This morning I took a couple more images of the sun to verify exposure conditions and then thought about Venus, unseen in the glare of the Sun, racing towards her date. But is she really unseen?
I checked planetarium software and it shows Venus is currently about 5 degrees away from the Sun. The field of view of my camera with 200mm and 2x telextender is about half that in the long direction so in theory the Sun should be outside the field. Could a picture be had?

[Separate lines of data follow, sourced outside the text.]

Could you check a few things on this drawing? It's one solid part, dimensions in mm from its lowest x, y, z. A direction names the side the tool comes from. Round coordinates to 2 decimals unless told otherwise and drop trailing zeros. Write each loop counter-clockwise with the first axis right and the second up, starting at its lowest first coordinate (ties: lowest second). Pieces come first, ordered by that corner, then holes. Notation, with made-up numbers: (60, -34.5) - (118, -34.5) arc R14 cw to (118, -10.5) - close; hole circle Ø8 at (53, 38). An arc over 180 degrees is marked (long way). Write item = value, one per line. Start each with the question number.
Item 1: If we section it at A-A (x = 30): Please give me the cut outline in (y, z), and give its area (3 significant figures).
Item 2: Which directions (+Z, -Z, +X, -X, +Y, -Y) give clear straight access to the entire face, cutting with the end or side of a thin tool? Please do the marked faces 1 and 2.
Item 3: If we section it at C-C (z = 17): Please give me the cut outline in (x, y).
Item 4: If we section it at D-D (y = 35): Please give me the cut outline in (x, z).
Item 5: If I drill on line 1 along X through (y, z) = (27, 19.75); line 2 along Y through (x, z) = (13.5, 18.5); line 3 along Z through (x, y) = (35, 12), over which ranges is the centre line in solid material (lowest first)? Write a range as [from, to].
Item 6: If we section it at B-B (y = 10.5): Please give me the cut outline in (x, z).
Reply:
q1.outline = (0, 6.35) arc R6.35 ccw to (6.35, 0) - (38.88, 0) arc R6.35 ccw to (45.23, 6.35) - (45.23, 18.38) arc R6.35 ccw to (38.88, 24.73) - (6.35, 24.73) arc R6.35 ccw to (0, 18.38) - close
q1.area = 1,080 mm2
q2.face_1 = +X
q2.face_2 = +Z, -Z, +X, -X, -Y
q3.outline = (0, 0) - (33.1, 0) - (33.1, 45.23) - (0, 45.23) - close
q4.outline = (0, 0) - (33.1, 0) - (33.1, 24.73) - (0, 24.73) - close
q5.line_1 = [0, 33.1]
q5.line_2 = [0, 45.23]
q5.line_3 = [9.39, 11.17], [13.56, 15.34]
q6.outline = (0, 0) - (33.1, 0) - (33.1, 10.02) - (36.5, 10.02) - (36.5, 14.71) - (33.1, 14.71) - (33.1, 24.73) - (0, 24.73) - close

Keeping the solar filter on ... I slewed to the position of Venus and verified that no part of the Sun was visible in the frame. Then off with the filter and took an exposure series all the way to 1/4000 which is the limit of the T2i. Focus was kept the same as when I was imaging the Sun so if Venus was in the frame I should see it. In the glare of daytime I couldn't see anything on the camera back but once inside I could see Venus quite clearly in the fast exposure frames.

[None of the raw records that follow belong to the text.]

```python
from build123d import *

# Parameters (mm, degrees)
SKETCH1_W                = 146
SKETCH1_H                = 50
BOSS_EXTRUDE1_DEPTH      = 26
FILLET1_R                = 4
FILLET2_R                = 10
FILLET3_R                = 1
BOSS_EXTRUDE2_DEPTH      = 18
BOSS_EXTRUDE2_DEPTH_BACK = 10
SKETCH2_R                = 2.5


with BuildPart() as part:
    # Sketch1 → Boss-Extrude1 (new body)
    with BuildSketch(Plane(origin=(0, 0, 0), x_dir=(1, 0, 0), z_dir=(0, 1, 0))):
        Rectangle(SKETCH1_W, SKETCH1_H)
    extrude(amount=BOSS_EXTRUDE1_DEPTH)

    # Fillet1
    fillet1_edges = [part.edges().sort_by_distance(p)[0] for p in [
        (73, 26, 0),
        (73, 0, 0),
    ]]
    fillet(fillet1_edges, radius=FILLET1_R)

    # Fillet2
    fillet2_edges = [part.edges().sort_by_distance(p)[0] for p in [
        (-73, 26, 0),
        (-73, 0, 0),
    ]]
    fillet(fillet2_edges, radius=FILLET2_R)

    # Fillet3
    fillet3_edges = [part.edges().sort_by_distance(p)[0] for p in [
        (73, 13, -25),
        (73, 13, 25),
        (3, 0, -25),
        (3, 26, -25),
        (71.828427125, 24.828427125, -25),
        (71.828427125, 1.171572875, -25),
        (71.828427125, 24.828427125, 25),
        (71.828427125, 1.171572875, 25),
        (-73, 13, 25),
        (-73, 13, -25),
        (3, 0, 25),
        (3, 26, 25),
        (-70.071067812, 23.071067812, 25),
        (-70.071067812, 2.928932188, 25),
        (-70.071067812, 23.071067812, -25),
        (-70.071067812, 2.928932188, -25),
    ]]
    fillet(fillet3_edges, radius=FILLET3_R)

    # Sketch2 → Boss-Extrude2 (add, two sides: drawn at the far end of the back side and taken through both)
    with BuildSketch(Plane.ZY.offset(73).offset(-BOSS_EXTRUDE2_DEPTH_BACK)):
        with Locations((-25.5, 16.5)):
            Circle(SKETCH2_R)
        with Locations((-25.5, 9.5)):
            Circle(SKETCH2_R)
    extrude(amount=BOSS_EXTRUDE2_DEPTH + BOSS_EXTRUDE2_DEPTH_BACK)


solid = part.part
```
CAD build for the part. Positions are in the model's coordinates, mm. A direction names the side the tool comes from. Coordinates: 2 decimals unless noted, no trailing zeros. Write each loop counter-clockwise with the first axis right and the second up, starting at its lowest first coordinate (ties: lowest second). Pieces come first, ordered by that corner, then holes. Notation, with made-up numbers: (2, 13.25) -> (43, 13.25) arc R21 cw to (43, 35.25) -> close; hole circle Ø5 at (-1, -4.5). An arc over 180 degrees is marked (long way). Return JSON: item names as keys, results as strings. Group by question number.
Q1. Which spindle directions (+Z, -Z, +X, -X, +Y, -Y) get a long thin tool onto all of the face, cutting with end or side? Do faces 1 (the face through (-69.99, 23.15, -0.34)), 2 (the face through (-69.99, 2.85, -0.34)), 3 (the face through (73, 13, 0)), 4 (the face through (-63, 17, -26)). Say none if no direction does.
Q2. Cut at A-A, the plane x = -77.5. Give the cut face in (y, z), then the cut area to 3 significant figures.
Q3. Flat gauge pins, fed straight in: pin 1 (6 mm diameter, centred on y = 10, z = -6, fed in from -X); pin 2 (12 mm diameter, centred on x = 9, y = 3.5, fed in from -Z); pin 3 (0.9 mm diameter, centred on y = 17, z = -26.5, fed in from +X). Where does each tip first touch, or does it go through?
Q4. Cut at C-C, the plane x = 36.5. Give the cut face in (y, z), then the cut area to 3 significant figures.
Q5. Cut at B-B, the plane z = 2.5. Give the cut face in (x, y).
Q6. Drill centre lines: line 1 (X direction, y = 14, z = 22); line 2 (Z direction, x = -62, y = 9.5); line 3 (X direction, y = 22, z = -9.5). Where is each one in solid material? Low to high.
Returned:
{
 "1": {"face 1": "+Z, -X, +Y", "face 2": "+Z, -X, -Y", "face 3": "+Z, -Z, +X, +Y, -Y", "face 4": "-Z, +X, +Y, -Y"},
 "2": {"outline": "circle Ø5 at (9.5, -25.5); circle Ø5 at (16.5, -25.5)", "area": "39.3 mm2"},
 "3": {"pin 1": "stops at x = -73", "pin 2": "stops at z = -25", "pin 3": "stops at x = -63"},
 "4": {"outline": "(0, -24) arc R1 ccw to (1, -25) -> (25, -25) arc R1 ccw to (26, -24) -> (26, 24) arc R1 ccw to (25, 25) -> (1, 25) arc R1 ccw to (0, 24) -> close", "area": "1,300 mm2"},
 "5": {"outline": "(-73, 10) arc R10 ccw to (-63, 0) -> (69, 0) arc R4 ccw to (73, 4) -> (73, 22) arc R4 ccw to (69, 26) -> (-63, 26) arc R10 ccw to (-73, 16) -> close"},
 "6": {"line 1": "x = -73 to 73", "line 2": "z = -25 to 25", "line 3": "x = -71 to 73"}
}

Three days before "new" Venus |
Since we are only 3 days before transit when Venus will be directly between Earth and Sun only a slight sliver of a crescent is visible. Pretty neat!
Tomorrow, exactly 24hrs after this image Venus will be 3.75 degrees from the Sun. The apparent motion is now about 1.75 deg/day (about 3.5 moon diameters). With care it might be possible to get another picture tomorrow morning. After that it will be too close and lost in the glare of the Sun ... at least for my gear. Still it is pretty neat to see her one last time before she reappears against the disk of the Sun on Tuesday afternoon.

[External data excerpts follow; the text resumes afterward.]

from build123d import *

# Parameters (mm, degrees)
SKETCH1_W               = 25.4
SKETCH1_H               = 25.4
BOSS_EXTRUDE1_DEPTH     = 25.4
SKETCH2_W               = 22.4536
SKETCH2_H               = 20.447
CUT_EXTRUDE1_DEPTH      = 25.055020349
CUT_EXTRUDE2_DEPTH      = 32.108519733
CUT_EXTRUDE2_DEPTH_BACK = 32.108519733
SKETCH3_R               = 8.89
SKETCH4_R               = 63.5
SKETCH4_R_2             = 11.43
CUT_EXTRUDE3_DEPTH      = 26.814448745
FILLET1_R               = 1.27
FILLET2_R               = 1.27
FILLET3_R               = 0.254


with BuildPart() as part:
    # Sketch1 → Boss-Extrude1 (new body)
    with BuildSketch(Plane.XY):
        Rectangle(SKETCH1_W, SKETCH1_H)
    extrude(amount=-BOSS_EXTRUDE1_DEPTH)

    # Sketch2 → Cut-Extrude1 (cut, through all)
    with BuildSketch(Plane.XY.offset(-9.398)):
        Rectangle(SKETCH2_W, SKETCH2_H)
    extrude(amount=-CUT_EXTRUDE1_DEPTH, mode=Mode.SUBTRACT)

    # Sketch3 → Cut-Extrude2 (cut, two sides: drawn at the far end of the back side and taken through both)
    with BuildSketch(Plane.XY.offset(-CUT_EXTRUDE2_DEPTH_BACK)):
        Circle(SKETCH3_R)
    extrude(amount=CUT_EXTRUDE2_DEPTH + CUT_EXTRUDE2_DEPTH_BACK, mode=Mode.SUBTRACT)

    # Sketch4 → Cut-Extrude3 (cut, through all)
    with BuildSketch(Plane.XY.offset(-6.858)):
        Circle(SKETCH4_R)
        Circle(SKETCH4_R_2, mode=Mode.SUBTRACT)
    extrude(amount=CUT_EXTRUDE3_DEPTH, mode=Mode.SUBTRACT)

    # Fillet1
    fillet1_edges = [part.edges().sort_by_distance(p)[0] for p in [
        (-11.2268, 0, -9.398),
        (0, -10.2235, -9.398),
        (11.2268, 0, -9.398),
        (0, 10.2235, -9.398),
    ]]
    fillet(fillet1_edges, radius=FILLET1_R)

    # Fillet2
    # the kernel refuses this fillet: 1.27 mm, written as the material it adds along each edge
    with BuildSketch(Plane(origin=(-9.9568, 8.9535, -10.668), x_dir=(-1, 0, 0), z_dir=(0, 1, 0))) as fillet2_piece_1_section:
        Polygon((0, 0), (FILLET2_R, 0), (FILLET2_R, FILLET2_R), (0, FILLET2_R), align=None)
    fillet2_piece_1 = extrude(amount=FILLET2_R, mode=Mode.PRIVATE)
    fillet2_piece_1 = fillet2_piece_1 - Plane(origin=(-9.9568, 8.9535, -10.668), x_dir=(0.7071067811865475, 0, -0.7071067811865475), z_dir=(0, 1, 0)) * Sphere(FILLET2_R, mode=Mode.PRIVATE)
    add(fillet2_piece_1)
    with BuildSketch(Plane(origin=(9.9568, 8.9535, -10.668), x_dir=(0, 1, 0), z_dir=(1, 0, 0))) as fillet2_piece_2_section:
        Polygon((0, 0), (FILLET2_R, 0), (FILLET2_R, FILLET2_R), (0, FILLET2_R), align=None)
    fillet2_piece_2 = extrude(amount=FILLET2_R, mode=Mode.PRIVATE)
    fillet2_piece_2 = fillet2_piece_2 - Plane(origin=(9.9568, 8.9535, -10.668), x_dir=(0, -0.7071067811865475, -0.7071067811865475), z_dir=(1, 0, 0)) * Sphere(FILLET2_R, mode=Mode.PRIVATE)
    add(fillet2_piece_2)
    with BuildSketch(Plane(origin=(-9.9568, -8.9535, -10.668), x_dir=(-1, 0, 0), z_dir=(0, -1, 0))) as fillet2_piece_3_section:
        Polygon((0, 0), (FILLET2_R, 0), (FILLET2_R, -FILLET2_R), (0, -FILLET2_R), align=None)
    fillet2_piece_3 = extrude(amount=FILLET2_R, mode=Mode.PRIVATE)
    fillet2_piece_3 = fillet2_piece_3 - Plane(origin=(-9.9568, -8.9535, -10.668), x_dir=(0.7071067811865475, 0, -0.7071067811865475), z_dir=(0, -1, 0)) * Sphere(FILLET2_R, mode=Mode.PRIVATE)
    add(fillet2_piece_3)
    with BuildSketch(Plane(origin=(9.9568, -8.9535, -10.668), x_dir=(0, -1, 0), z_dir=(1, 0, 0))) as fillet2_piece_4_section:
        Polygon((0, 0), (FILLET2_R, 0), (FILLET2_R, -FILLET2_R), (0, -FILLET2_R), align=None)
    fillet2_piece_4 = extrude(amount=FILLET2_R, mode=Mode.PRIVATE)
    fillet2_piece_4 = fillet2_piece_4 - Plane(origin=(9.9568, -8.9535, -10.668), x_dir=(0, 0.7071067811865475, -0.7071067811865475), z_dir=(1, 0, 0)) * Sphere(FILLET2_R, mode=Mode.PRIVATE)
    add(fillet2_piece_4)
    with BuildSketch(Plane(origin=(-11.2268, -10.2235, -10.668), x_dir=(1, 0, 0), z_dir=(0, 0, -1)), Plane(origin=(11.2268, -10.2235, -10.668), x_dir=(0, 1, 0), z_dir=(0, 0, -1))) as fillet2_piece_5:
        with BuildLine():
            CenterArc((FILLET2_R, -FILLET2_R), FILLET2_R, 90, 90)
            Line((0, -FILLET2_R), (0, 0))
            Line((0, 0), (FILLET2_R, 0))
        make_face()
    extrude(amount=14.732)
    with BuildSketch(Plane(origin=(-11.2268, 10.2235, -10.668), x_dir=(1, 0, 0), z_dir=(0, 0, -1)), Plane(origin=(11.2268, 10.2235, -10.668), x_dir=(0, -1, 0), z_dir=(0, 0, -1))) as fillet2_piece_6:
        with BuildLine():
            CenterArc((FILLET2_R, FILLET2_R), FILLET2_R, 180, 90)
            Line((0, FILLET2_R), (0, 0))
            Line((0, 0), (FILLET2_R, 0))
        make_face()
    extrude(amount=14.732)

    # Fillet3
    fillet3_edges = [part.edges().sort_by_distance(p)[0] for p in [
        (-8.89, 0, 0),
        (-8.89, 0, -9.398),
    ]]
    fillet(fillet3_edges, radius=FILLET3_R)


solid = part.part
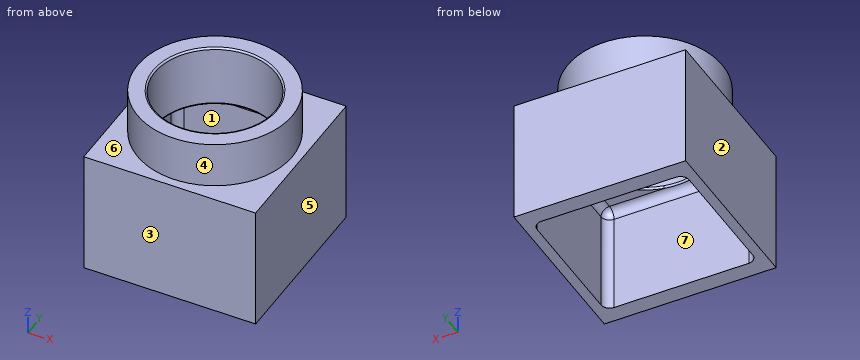
Read the model definition and answer for the solid it produces. Units are mm, in the model's axes. Face numbers are marked on the shaded views. A direction names the side the tool comes from. Coordinates: 2 decimals unless noted, no trailing zeros. Loops run counter-clockwise (first coordinate to the right, second up) from the corner with the lowest first, then second, coordinate; pieces in that order, holes last.
Q1. The part is cut by section C-C on x = 10.75. Write down the section's boundary in (y, z).
Q2. Consider probe 1 along Y at (x, z) = (0, -3.75); probe 2 along Y at (x, z) = (5.75, -18). Determine where each line is inside the solid, lowest interval first.
Q3. The part is cut by section D-D on z = -6.5. Write down the section's boundary in (x, y).
Q4. The part is cut by section A-A on y = 0. Write down the section's boundary in (x, z), and give its area (3 significant figures).
Q5. The part is cut by section B-B on z = -16.5. Write down the section's boundary in (x, y).
Q6. Each of these flat-tipped pins is pushed along its axis until it touches: pin 1 Ø1.5 at (x, z) = (1.5, -2.5) entering from -Y; pin 2 Ø14 at (x, y) = (0, 0) entering from -Z; pin 3 Ø2 at (x, y) = (2.5, -8.5) entering from -Z. Where does it stop, or does it pass through?
Q7. Which of the six approach directions +Z, -Z, +X, -X, +Y, -Y give full straight-line access (tool end or side, diameter ignored) to the marked faces 5, 6 and 7?
Q8. The mould has two halves that part along X. Classify the marked faces 1, 2, 3 and 4: +X half, -X half, draft (parallel to the pull), parting line (faces both ways), or undercut.
Results below:
1. outline: (-12.7, -25.4) - (-9.95, -25.4) - (-9.95, -10.67) arc R0.99 cw to (-8.95, -9.68) - (8.95, -9.68) arc R0.99 cw to (9.95, -10.67) - (9.95, -25.4) - (12.7, -25.4) - (12.7, -6.86) - (3.88, -6.86) - (3.88, 0) - (-3.88, 0) - (-3.88, -6.86) - (-12.7, -6.86) - close
2. probe 1: y = -11.43 to -8.89, 8.89 to 11.43
2. probe 2: y = -12.7 to -10.22, 10.22 to 12.7
3. outline: circle Ø22.86 at (0, 0); hole circle Ø17.78 at (0, 0)
4. outline: (-12.7, -25.4) - (-11.23, -25.4) - (-11.23, -10.67) arc R1.27 cw to (-9.96, -9.4) - (-9.14, -9.4) arc R0.25 ccw to (-8.89, -9.14) - (-8.89, -0.25) arc R0.25 ccw to (-9.14, 0) - (-11.43, 0) - (-11.43, -6.86) - (-12.7, -6.86) - close; (8.89, -9.14) arc R0.25 ccw to (9.14, -9.4) - (9.96, -9.4) arc R1.27 cw to (11.23, -10.67) - (11.23, -25.4) - (12.7, -25.4) - (12.7, -6.86) - (11.43, -6.86) - (11.43, 0) - (9.14, 0) arc R0.25 ccw to (8.89, -0.25) - close
4. area: 102 mm2
5. outline: (-12.7, -12.7) - (12.7, -12.7) - (12.7, 12.7) - (-12.7, 12.7) - close; hole (-11.23, -8.95) arc R1.27 ccw to (-9.96, -10.22) - (9.96, -10.22) arc R1.27 ccw to (11.23, -8.95) - (11.23, 8.95) arc R1.27 ccw to (9.96, 10.22) - (-9.96, 10.22) arc R1.27 ccw to (-11.23, 8.95) - close
6. pin 1: stops at y = -11.41
6. pin 2: passes through
6. pin 3: stops at z = -9.52
7. face 5: +Z, -Z, +X, +Y, -Y
7. face 6: +Z
7. face 7: -Z
8. face 1: undercut
8. face 2: -X half
8. face 3: draft
8. face 4: parting line

Taken in my backyard in San Jose, CA Jun 2, 2012 10:30am PST
Canon T2i (stock), Canon EF 200mm f/2.8L + Extender EF 2X III @ f8
AP900 mount
1/2500 sec exposure @ ISO100
post-processed in Lightroom 4
Taken in my backyard in San Jose, CA Jun 2, 2012 10:30am PST
Canon T2i (stock), Canon EF 200mm f/2.8L + Extender EF 2X III @ f8
AP900 mount
1/2500 sec exposure @ ISO100
post-processed in Lightroom 4
Cool! It was worth a shot and it turned out. Good thinking.